All in an area with electrical generators scattered by other power outages (in Beauchef, in Directorio, in Rivadavia itself at the height of the former Village), with traffic interruptions due to works of other services (around the way there are AySA fences) and by more facts that speak of the collapse of the neighborhood, such as the collapse of a PH on Pedro Goyena Avenue, which left two dead two days before the fire.

Ten days after the flames, the roof of the substation imploded to start the civil work, which will continue for the rest of the year. There was already an official explanation for the flames: a leak in an oil filtration machine while repairs were being made to a transformer. Edesur did not stop sending emails to its users with every step it took. And I exchanged the messages that start this column with my boyfriend.

Then the outage notices began to arrive, in tandem: subject “Electrical incident”, subject “Scheduled normalization schedule”, hopefully subject “Electrical incident resolved”. They were interspersed with emails from the administration that reported the complaints to the electricity distributor. The official explanation for the cuts was the work of Edesur “to have the distribution network in the area stabilized.” “It will fluctuate until it normalizes,” the company promised.

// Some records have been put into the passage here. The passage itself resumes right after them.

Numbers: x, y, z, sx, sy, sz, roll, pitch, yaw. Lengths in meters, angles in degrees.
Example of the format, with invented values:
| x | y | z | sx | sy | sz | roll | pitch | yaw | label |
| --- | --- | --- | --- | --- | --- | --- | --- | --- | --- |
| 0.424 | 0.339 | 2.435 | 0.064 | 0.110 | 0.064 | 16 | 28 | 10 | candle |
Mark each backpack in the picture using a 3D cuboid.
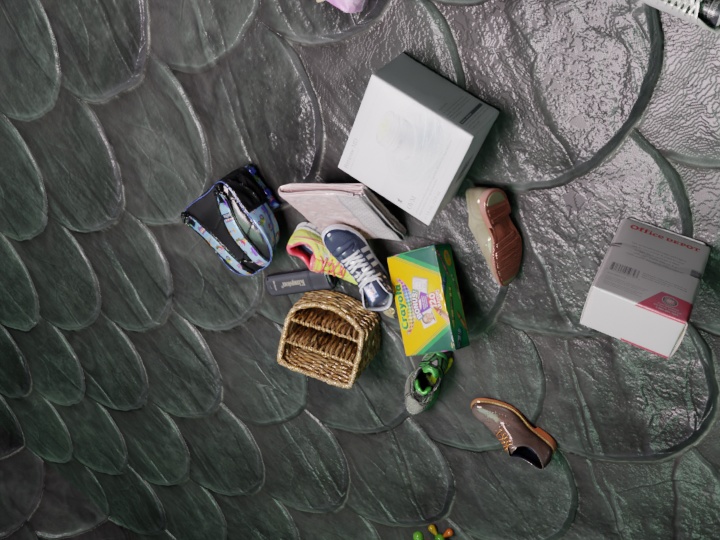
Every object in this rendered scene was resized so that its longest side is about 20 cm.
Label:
| x | y | z | sx | sy | sz | roll | pitch | yaw | label |
| --- | --- | --- | --- | --- | --- | --- | --- | --- | --- |
| -0.251 | -0.099 | 1.622 | 0.182 | 0.135 | 0.200 | -29 | 102 | 43 | backpack |

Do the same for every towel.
| x | y | z | sx | sy | sz | roll | pitch | yaw | label |
| --- | --- | --- | --- | --- | --- | --- | --- | --- | --- |
| -0.032 | -0.109 | 1.465 | 0.190 | 0.032 | 0.200 | 5 | 159 | 32 | towel |

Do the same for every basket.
| x | y | z | sx | sy | sz | roll | pitch | yaw | label |
| --- | --- | --- | --- | --- | --- | --- | --- | --- | --- |
| -0.071 | 0.141 | 1.663 | 0.199 | 0.149 | 0.144 | 18 | 130 | 24 | basket |

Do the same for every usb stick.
| x | y | z | sx | sy | sz | roll | pitch | yaw | label |
| --- | --- | --- | --- | --- | --- | --- | --- | --- | --- |
| -0.136 | 0.025 | 1.704 | 0.199 | 0.033 | 0.056 | -8 | 114 | 38 | usb stick |

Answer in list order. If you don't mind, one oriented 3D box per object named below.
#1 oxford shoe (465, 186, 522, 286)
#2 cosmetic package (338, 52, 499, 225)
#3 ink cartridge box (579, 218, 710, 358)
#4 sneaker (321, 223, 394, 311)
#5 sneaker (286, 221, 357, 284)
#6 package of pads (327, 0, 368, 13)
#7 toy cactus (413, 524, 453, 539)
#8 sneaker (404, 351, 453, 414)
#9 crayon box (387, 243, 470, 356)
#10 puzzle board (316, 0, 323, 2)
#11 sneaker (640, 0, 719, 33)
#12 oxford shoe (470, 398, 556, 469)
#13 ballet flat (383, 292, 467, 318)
| x | y | z | sx | sy | sz | roll | pitch | yaw | label |
| --- | --- | --- | --- | --- | --- | --- | --- | --- | --- |
| 0.239 | -0.065 | 1.378 | 0.074 | 0.071 | 0.201 | 25 | 138 | 51 | oxford shoe |
| 0.094 | -0.225 | 1.310 | 0.199 | 0.123 | 0.200 | 34 | 134 | 11 | cosmetic package |
| 0.448 | 0.022 | 1.193 | 0.146 | 0.200 | 0.083 | 22 | 135 | 19 | ink cartridge box |
| 0.000 | 0.000 | 1.479 | 0.070 | 0.109 | 0.200 | -32 | 127 | 16 | sneaker |
| -0.068 | -0.018 | 1.588 | 0.199 | 0.090 | 0.078 | 29 | 131 | 12 | sneaker |
| -0.019 | -0.525 | 1.201 | 0.120 | 0.076 | 0.201 | 34 | 134 | 13 | package of pads |
| 0.204 | 0.742 | 1.909 | 0.102 | 0.165 | 0.201 | -23 | 113 | 21 | toy cactus |
| 0.131 | 0.246 | 1.647 | 0.078 | 0.085 | 0.201 | 28 | 133 | 14 | sneaker |
| 0.131 | 0.058 | 1.476 | 0.118 | 0.058 | 0.201 | -14 | 86 | 40 | crayon box |
| -0.041 | -0.526 | 1.153 | 0.150 | 0.017 | 0.201 | -6 | 118 | 35 | puzzle board |
| 0.439 | -0.364 | 1.007 | 0.199 | 0.081 | 0.077 | 26 | 134 | 18 | sneaker |
| 0.314 | 0.340 | 1.598 | 0.199 | 0.073 | 0.072 | 31 | 134 | 12 | oxford shoe |
| 0.123 | 0.072 | 1.546 | 0.199 | 0.057 | 0.067 | -7 | 118 | 37 | ballet flat |

But the most concerned or wealthy neighbors went out to buy stabilizers to deal with voltage spikes. Others filled the halls of their buildings to charge their cell phones during the current phase, or to recover a cut work video call. The construction workers also paraded there, to whom some administrators offered bathrooms that were more comfortable than chemical ones on the concrete.

Outside, the perpetual noise of the containers spewing diesel smoke continued. Seven covered the front of the building that I occasionally inhabit, the one next door, and the gym. 14 were counted from the hypermarket to the end of the block. 21 in total in 100 meters, plus three more on the way back, on Alberdi almost Riglos.

Those three-by-six-meter gray masses not only supplied transformers. Some housed mini offices, were involved in the provision of fuel or had an impact on the distribution of energy. The rest of the block was cranes, chemical toilets, New Jersey fences made of yellow and red plastic, and others made of wood painted white with red or orange. Also, motorcycles and bikes on the sidewalk, and cars belonging to the front members entering or leaving.

It was difficult to sleep with the noise. Also have a conversation. There was no electricity for the air conditioning, nor silence to open the window to let air in. Added to the roar of the containers was that of the cylindrical trucks that supplied diesel.

Managers and security and cleaning employees began wearing hearing protection. The administrations sent letters to ask Edesur to redistribute the generators in such a way that “they would not disturb the tranquility and good rest of the neighbors, given that they emit a constant sound or hum and do not allow them to fall asleep during the night.” An elegant way of asking why we do so much and others so little.

But the generators work in groups (they are called Four Packs because they are connected in packs of four or five) and it took time until they were moved. During the time they were in front of the building, they stagnated water against the curb of the sidewalk, in the summer with the most dengue fever in Buenos Aires history.

Finally, the containers were gone: last week the second transformer was commissioned and the substation was fully operational again. “The noise is finally over, right?” I tell the security employee as soon as the generators are taken away. “Yes, but now there is the bus problem,” he answers, dissatisfied.